[Provided data — start]
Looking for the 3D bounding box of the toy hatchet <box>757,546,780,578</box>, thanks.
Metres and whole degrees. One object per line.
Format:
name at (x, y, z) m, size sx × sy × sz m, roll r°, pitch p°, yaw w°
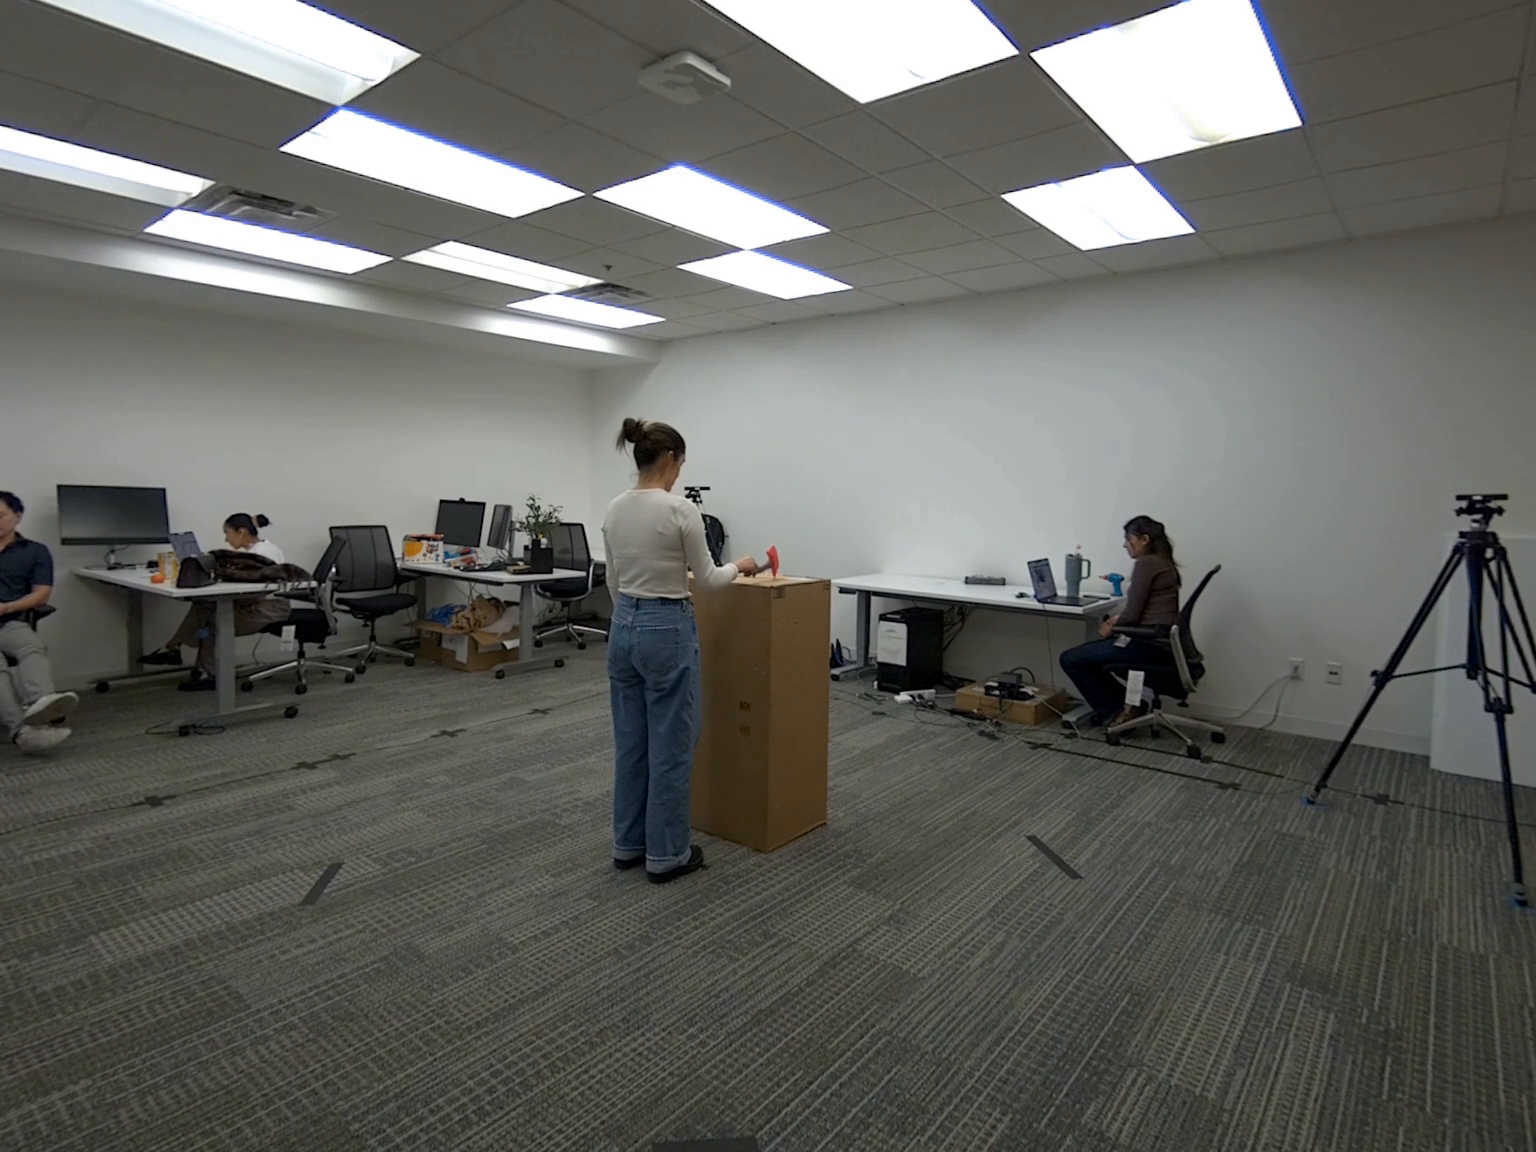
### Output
[Provided data — finish]
Restate the listing word for word. Pictures do not belong in the copy.

Solved problem:
Looking for the 3D bounding box of the toy hatchet <box>757,546,780,578</box>, thanks.
Metres and whole degrees. One object per line.
Format:
name at (x, y, z) m, size sx × sy × sz m, roll r°, pitch p°, yaw w°
### Output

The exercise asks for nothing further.